Article 22 can be used to vet acquisitions that don’t meet traditional thresholds for an EU merger investigation but are nonetheless deemed to pose significant competitive risks. This is seen as a tool to tackle “killer acquisitions,” where big companies swallow up promising small enterprises to avoid future competition.

“I sympathize with the worry that big businesses could buy up green innovators, and kill their new ideas, while those companies are still too small for the mergers to have to be notified,” Vestager said last month.

The European Commission in March encouraged national authorities to make more use of Article 22 to refer potentially anti-competitive deals to Brussels, even if the takeover target has no current revenue in Europe. Illumina, which contends that the Grail deal is pro-competition, has challenged in court Brussels’ authority to scrutinize the transaction. It also closed the acquisition despite the ongoing EU investigation, sparking the ire of Vestager.

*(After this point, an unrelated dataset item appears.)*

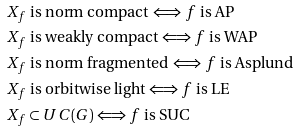<formula> <loc_0><loc_0><loc_500><loc_500>& \text {$X_{f}$ is norm compact $\Longleftrightarrow$ $f$ is AP} \\ & \text {$X_{f}$ is weakly compact $\Longleftrightarrow$ $f$ is WAP} \\ & \text {$X_{f}$ is norm fragmented $\Longleftrightarrow$ $f$ is Asplund $\quad$ } \\ & \text {$X_{f}$ is orbitwise light $\Longleftrightarrow$ $f$ is LE $\quad$} \\ & \text {$X_{f} \subset UC(G)$ $\Longleftrightarrow$ $f$ is SUC $\quad$} \\</formula>

“If Article 22 is allowed to play out this way, that means that any merger between any two companies anywhere in the world, even if neither of them have business in Europe, is now under the jurisdiction of the European Commission,” Illumina Chief Executive Francis deSouza told POLITICO in an interview in August. “We don’t believe that’s how this was intended.”

Article 22

The Commission told POLITICO that it decided “to make use of its powers under the Article 22 referral system” as it became clear that some deals with important competitive implications were not reviewed by EU or national authorities as they didn’t meet traditional thresholds. The new guidance issued this past spring “provides indications when such a referral may be appropriate,” it said.

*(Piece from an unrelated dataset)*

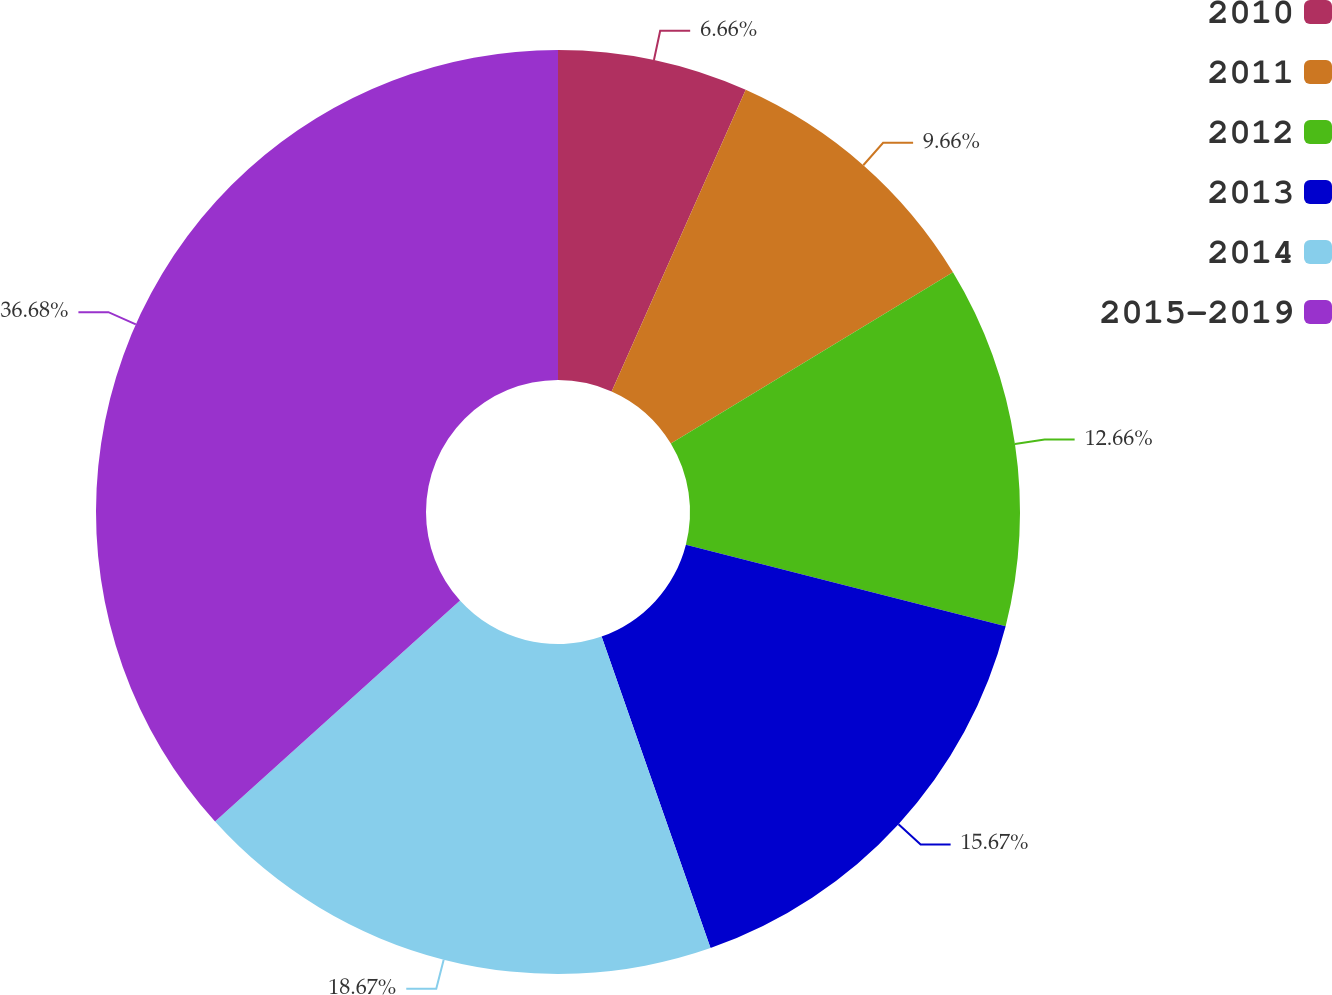Convert chart to OTSL. <chart><loc_0><loc_0><loc_500><loc_500><pie_chart><fcel>2010<fcel>2011<fcel>2012<fcel>2013<fcel>2014<fcel>2015-2019<nl><fcel>6.66%<fcel>9.66%<fcel>12.66%<fcel>15.67%<fcel>18.67%<fcel>36.69%<nl></chart>

“This is the case, in particular, when acquired companies despite having low turnover have an important competitive potential or are important innovators,” the Commission said, adding that it works closely with member states to identify transactions that should undergo this scrutiny.

“To the extent that uncertainty may remain as to which transactions may be subject to the Article 22 referral process, these can be alleviated by proactively engaging with the Commission,” it said. “The Commission stands ready to pragmatically engage with stakeholders early on to provide informal guidance on a case-by-case basis,” it said, adding that some companies have already approached it as they carried out their preliminary analysis.

“Ultimately, companies involved in such transactions will benefit from the EU merger control regime, as they will receive a decision providing legal security, under the EU Merger Regulation,” the Commission said.

There is disagreement over the amount of clarity being provided.

“These very vague principles complicate merger control assessments in M&A involving startups,” said Mohaupt-Schneider, the CMS lawyer. It could make it more complex to establish who has jurisdiction between national authorities and Brussels, for example, she said.

Time is another important factor in a field as dynamic as innovative startups, said Matthias Kromayer, managing partner at MIG Capital AG, a venture capital company with a big focus on biotech and pharma tech. And this situation may lead to more time passing between signing and closing a deal, which implies opportunity cost for management.

Many agree that it is too early to fully grasp the potential consequences; and that much depends on how the Commission deploys its new attitude on startup acquisitions.

“We’re worried about how the Commission will use this new approach,” Stracquadaneo of GenomeUp said. “It’s like a sword of Damocles hanging over us.”